Documentary Photographers or Artist-Collaborators?
While the breadth of the archive is staggering, the depth is equally impressive. Shunk and Kender developed close relationships with many of the artists they photographed. Rather than pure documentation, their photographs fall closer into the realm of artist-photographer collaboration. They had a particularly robust alliance with Christo and Jeanne-Claude. Following the artists’ fabric wrapping of the Trocadéro in Paris in 1964, Shunk and Kender became Christo and Jeanne-Claude’s de facto photographers and continued to record all their ephemeral, site-specific projects throughout the 1960s and 70s.
Shunk and Kender were also involved in creating some of the most iconic images of the last century, including Yves Klein’s photograph Le Saut dans le vide (Leap into the Void) from 1960. They used an inventive montage technique to create the appearance of Klein launching himself from a rooftop with nothing below to break his fall. The photographers later documented Klein’s infamous Anthropométries events in the early 1960s, in which naked female models covered in the artist’s signature blue color became “living paintbrushes.”

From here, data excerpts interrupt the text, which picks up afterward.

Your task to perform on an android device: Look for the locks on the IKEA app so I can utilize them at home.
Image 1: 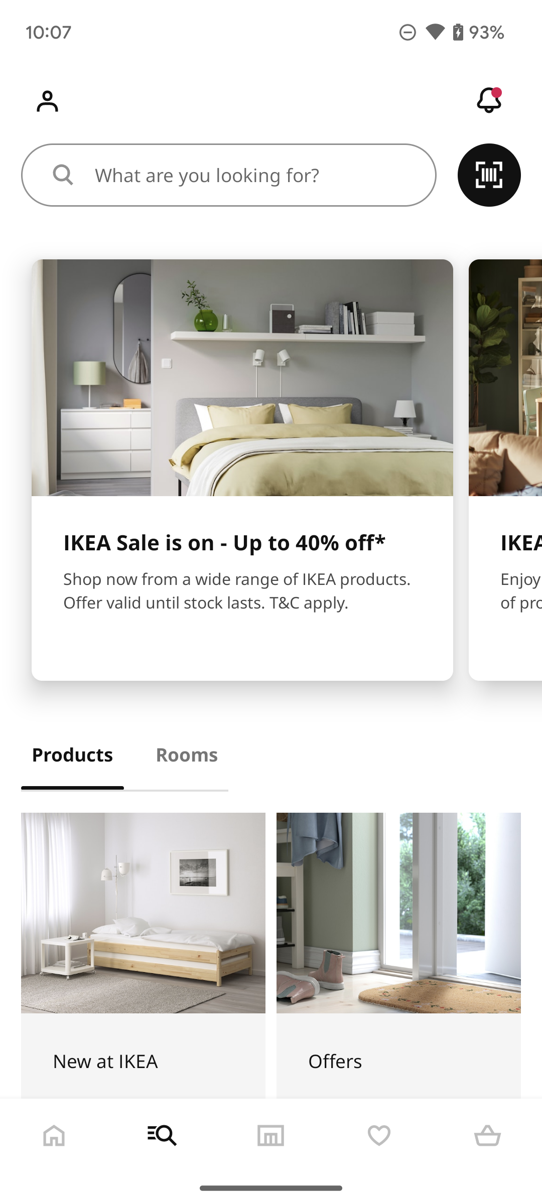
Click on the search bar on the screen.
Step 1: click (255, 175)
Image 2: 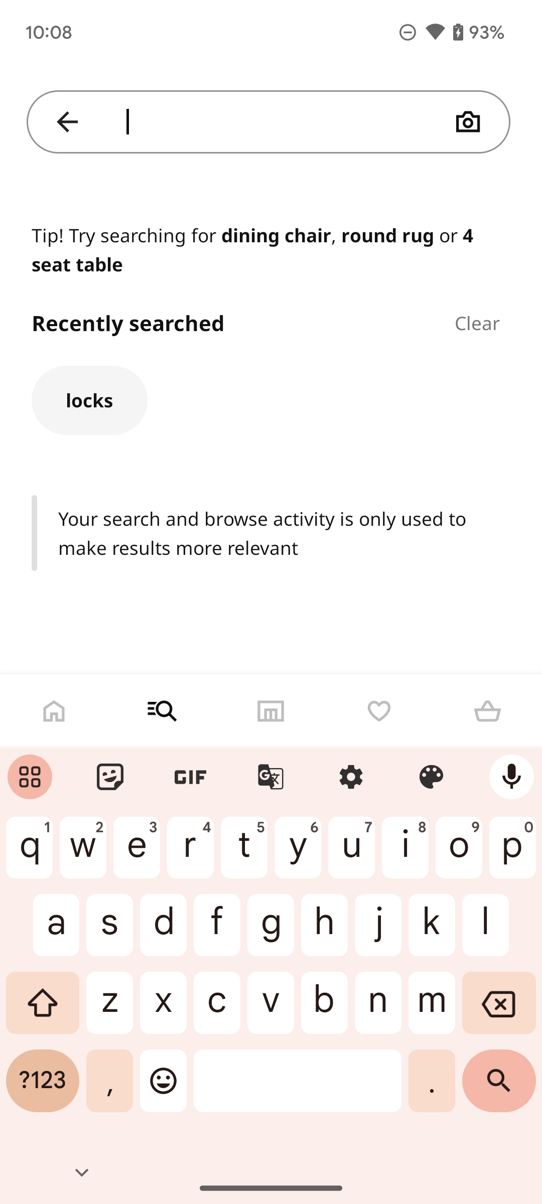
Click on the locks option on the screen.
Step 2: click (89, 400)
Image 3: 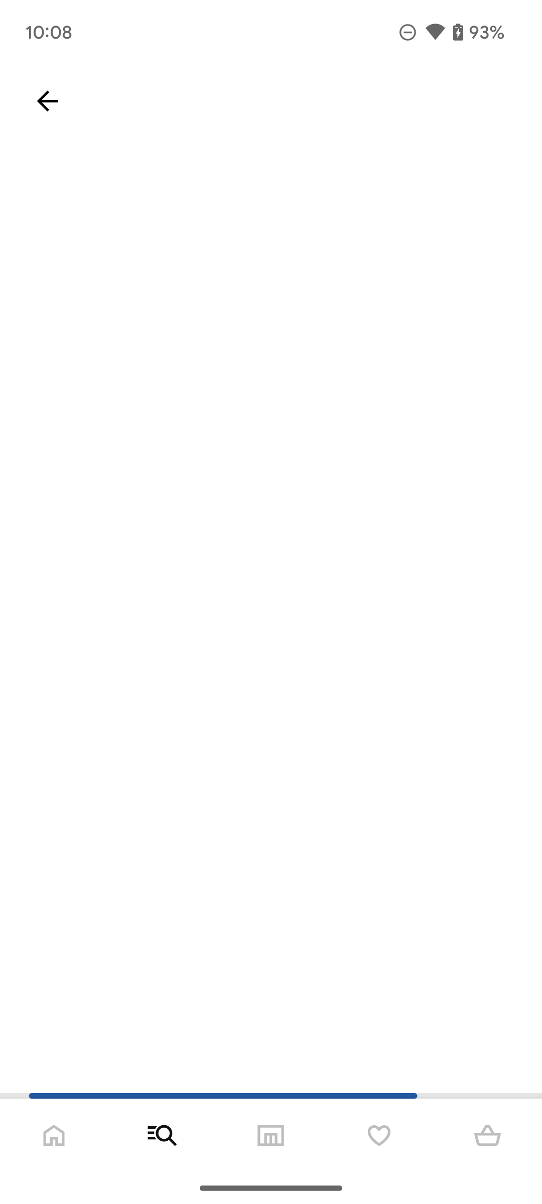
Click on the locks option on the screen.
Step 3: wait
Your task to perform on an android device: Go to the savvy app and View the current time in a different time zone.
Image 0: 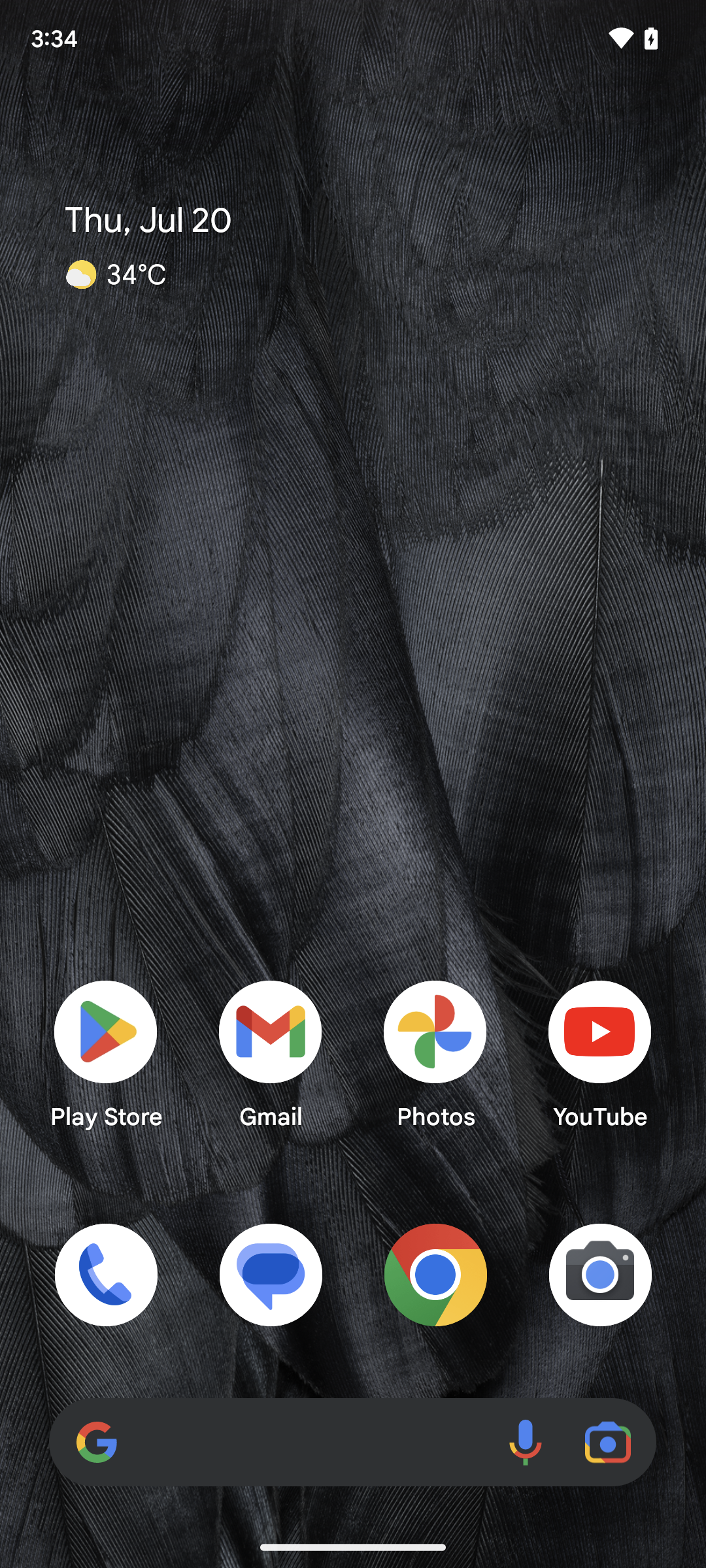
open savvy app
Step 0: open app "Savvy Time"

Capturing Groundbreaking Moments
Though based in New York, Shunk and Kender travelled extensively, documenting events such as the Venice Biennale, the Bienniale of Paris, and World Expos in Montreal and Osaka. They also covered many key exhibitions of the era, including Harald Szeemann’s When Attitudes Become Form (1969), the show that fittingly inaugurated a new era of curator as artist collaborator, and The Bachelor Machines (1975).
The archive also includes extensive material on Willoughby Sharp’s innovative project, Pier 18. In 1971, 27 artists devised and carried out performances along an abandoned pier on the Hudson River. Shunk and Kender worked with the artists to capture their events; the resulting images were not strictly documentation but rather part of the artistic output of the project itself. As such, the photographs were later exhibited at the Museum of Modern Art, New York.
A Rich Legacy
Shunk and Kender not only captured the artists, artworks, installation shots, exhibitions, events, and candid moments of the postwar years, they captured the changing zeitgeist of the era. Because they were equally adept at shooting people and objects, static spaces and movement, their photographs also manage to also evoke more intangible elements: the mood, energy, and essence of particular moments in history.
Their prolonged engagement with artists over decades resulted in a rich trove of photographs tracing the evolution of art over time. Shunk and Kender crossed the divide between documentary photographers and artists in their own right, making significant contributions to the stories of avant-garde art.
The Shunk-Kender archive will be made available to researchers once it has been catalogued.